| Source material |
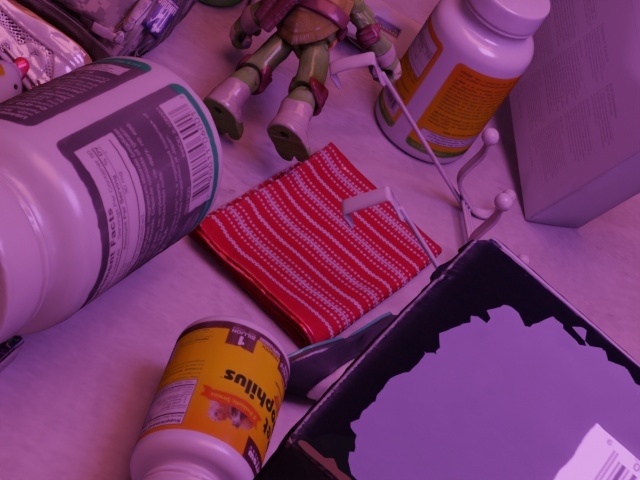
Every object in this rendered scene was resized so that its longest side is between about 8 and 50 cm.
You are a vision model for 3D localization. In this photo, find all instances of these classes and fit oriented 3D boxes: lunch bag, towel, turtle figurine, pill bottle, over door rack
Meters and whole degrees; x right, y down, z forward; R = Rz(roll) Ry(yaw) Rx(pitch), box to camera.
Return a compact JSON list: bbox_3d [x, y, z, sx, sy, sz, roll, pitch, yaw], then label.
[{"bbox_3d":[-0.279,-0.339,1.696,0.305,0.212,0.256,34,47,-1],"label":"lunch bag"},{"bbox_3d":[0.000,0.000,1.683,0.199,0.031,0.275,44,42,11],"label":"towel"},{"bbox_3d":[-0.016,-0.210,1.792,0.197,0.274,0.266,36,64,-12],"label":"turtle figurine"},{"bbox_3d":[-0.257,-0.035,1.380,0.204,0.204,0.361,40,31,7],"label":"pill bottle"},{"bbox_3d":[-0.105,0.179,1.381,0.117,0.117,0.215,26,42,-8],"label":"pill bottle"},{"bbox_3d":[0.179,-0.222,1.841,0.136,0.246,0.136,17,44,-18],"label":"pill bottle"},{"bbox_3d":[0.147,-0.047,1.678,0.324,0.108,0.240,41,31,-38],"label":"over door rack"}]

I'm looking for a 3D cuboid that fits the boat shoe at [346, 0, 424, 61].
[{"bbox_3d":[0.061,-0.288,1.966,0.219,0.070,0.078,35,81,-6],"label":"boat shoe"}]

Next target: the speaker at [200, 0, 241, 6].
[{"bbox_3d":[-0.086,-0.431,1.832,0.131,0.296,0.131,17,44,-17],"label":"speaker"}]

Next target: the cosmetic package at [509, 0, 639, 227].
[{"bbox_3d":[0.353,-0.241,1.866,0.097,0.284,0.377,7,67,-27],"label":"cosmetic package"}]

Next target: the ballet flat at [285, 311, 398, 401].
[{"bbox_3d":[0.031,0.131,1.551,0.203,0.074,0.074,-19,63,-45],"label":"ballet flat"}]

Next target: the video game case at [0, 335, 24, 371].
[{"bbox_3d":[-0.418,0.085,1.327,0.232,0.042,0.210,36,41,3],"label":"video game case"}]

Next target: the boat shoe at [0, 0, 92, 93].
[{"bbox_3d":[-0.382,-0.229,1.610,0.277,0.098,0.096,33,68,5],"label":"boat shoe"}]

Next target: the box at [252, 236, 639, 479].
[{"bbox_3d":[0.126,0.349,1.099,0.480,0.472,0.297,41,43,8],"label":"box"}]

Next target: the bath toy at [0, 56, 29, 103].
[{"bbox_3d":[-0.438,-0.229,1.521,0.348,0.151,0.129,42,69,5],"label":"bath toy"}]

| Aim of the task |
Repeat each of the records exactly as written, except for the pictures, which are to be left out.

| Task response |
Every object in this rendered scene was resized so that its longest side is between about 8 and 50 cm.
You are a vision model for 3D localization. In this photo, find all instances of these classes and fit oriented 3D boxes: lunch bag, towel, turtle figurine, pill bottle, over door rack
Meters and whole degrees; x right, y down, z forward; R = Rz(roll) Ry(yaw) Rx(pitch), box to camera.
Return a compact JSON list: bbox_3d [x, y, z, sx, sy, sz, roll, pitch, yaw], then label.
[{"bbox_3d":[-0.279,-0.339,1.696,0.305,0.212,0.256,34,47,-1],"label":"lunch bag"},{"bbox_3d":[0.000,0.000,1.683,0.199,0.031,0.275,44,42,11],"label":"towel"},{"bbox_3d":[-0.016,-0.210,1.792,0.197,0.274,0.266,36,64,-12],"label":"turtle figurine"},{"bbox_3d":[-0.257,-0.035,1.380,0.204,0.204,0.361,40,31,7],"label":"pill bottle"},{"bbox_3d":[-0.105,0.179,1.381,0.117,0.117,0.215,26,42,-8],"label":"pill bottle"},{"bbox_3d":[0.179,-0.222,1.841,0.136,0.246,0.136,17,44,-18],"label":"pill bottle"},{"bbox_3d":[0.147,-0.047,1.678,0.324,0.108,0.240,41,31,-38],"label":"over door rack"}]

I'm looking for a 3D cuboid that fits the boat shoe at [346, 0, 424, 61].
[{"bbox_3d":[0.061,-0.288,1.966,0.219,0.070,0.078,35,81,-6],"label":"boat shoe"}]

Next target: the speaker at [200, 0, 241, 6].
[{"bbox_3d":[-0.086,-0.431,1.832,0.131,0.296,0.131,17,44,-17],"label":"speaker"}]

Next target: the cosmetic package at [509, 0, 639, 227].
[{"bbox_3d":[0.353,-0.241,1.866,0.097,0.284,0.377,7,67,-27],"label":"cosmetic package"}]

Next target: the ballet flat at [285, 311, 398, 401].
[{"bbox_3d":[0.031,0.131,1.551,0.203,0.074,0.074,-19,63,-45],"label":"ballet flat"}]

Next target: the video game case at [0, 335, 24, 371].
[{"bbox_3d":[-0.418,0.085,1.327,0.232,0.042,0.210,36,41,3],"label":"video game case"}]

Next target: the boat shoe at [0, 0, 92, 93].
[{"bbox_3d":[-0.382,-0.229,1.610,0.277,0.098,0.096,33,68,5],"label":"boat shoe"}]

Next target: the box at [252, 236, 639, 479].
[{"bbox_3d":[0.126,0.349,1.099,0.480,0.472,0.297,41,43,8],"label":"box"}]

Next target: the bath toy at [0, 56, 29, 103].
[{"bbox_3d":[-0.438,-0.229,1.521,0.348,0.151,0.129,42,69,5],"label":"bath toy"}]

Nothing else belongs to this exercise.